- Work required
When you repeat the material, keep each line exact and omit the pictures.

--- START ---

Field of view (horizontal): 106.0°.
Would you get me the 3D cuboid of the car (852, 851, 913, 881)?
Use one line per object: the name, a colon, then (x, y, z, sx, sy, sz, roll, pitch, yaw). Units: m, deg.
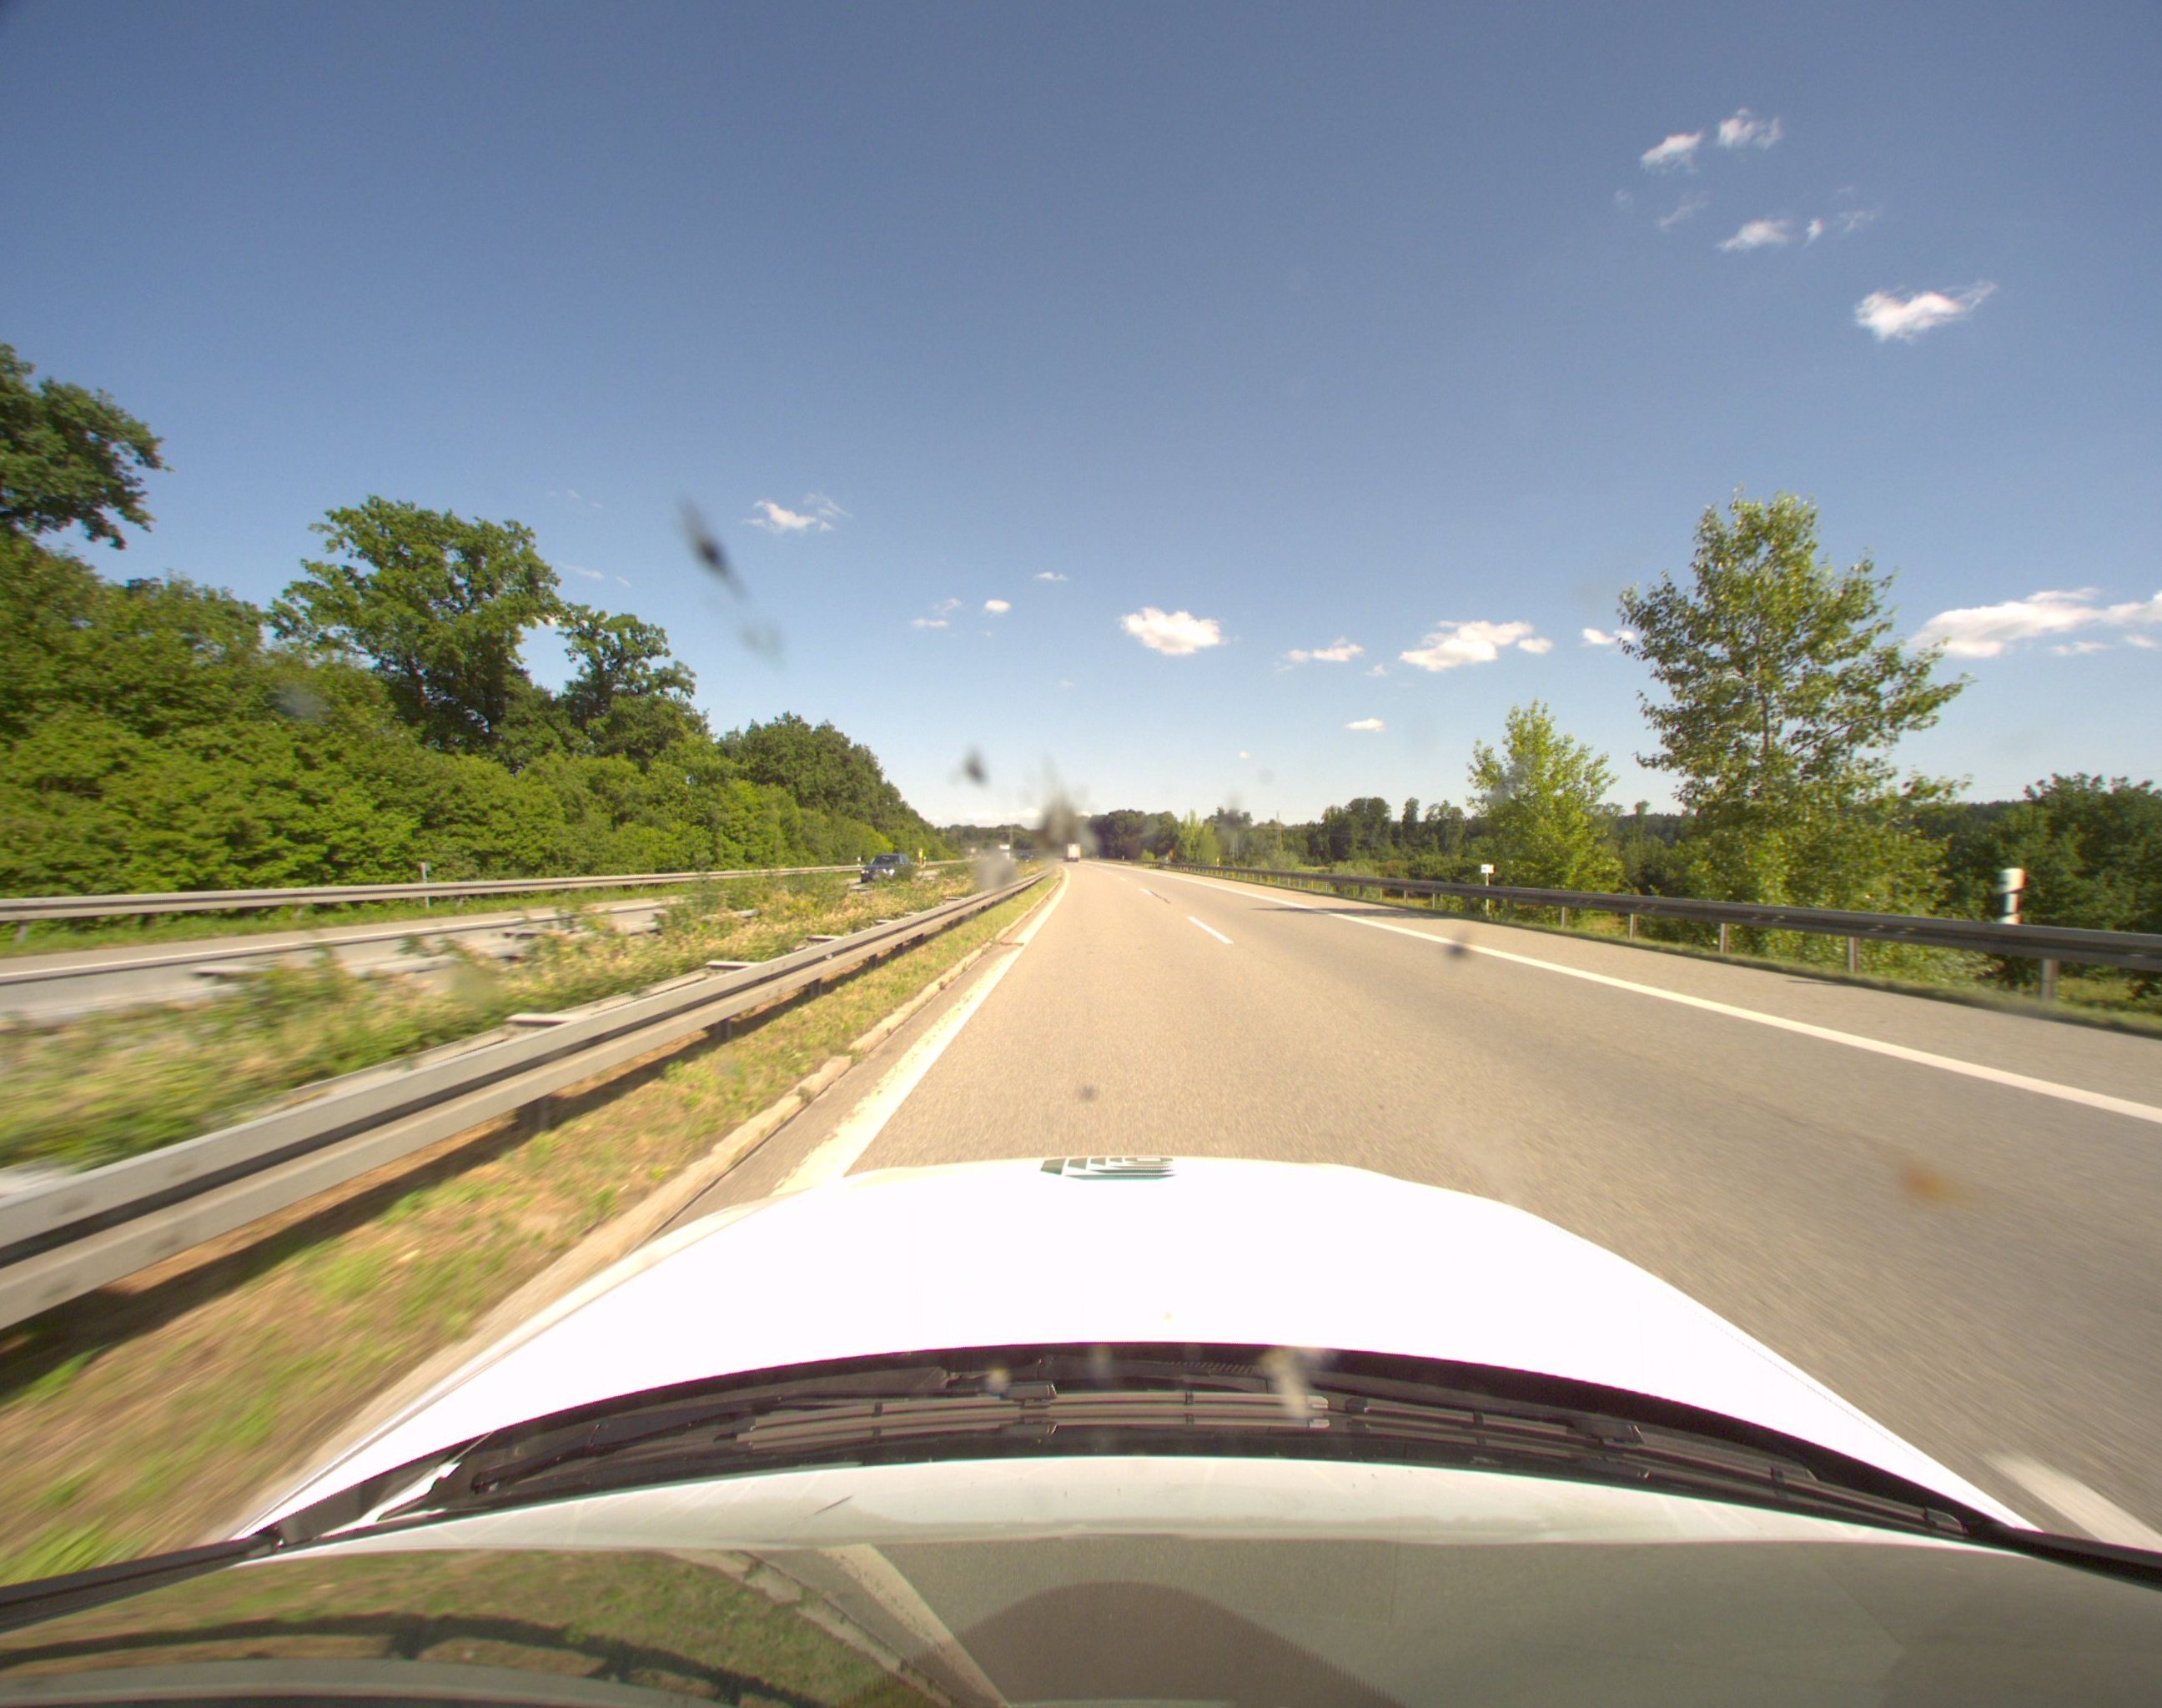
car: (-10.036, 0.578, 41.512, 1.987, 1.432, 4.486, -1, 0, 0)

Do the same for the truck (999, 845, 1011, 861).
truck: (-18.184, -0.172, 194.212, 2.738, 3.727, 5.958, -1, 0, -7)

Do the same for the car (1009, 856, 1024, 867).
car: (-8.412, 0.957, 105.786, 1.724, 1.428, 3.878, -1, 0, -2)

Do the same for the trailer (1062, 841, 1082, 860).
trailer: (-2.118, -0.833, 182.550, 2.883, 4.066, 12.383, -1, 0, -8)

--- END ---

- Task response
Field of view (horizontal): 106.0°.
Would you get me the 3D cuboid of the car (852, 851, 913, 881)?
Use one line per object: the name, a colon, then (x, y, z, sx, sy, sz, roll, pitch, yaw). Units: m, deg.
car: (-10.036, 0.578, 41.512, 1.987, 1.432, 4.486, -1, 0, 0)

Do the same for the truck (999, 845, 1011, 861).
truck: (-18.184, -0.172, 194.212, 2.738, 3.727, 5.958, -1, 0, -7)

Do the same for the car (1009, 856, 1024, 867).
car: (-8.412, 0.957, 105.786, 1.724, 1.428, 3.878, -1, 0, -2)

Do the same for the trailer (1062, 841, 1082, 860).
trailer: (-2.118, -0.833, 182.550, 2.883, 4.066, 12.383, -1, 0, -8)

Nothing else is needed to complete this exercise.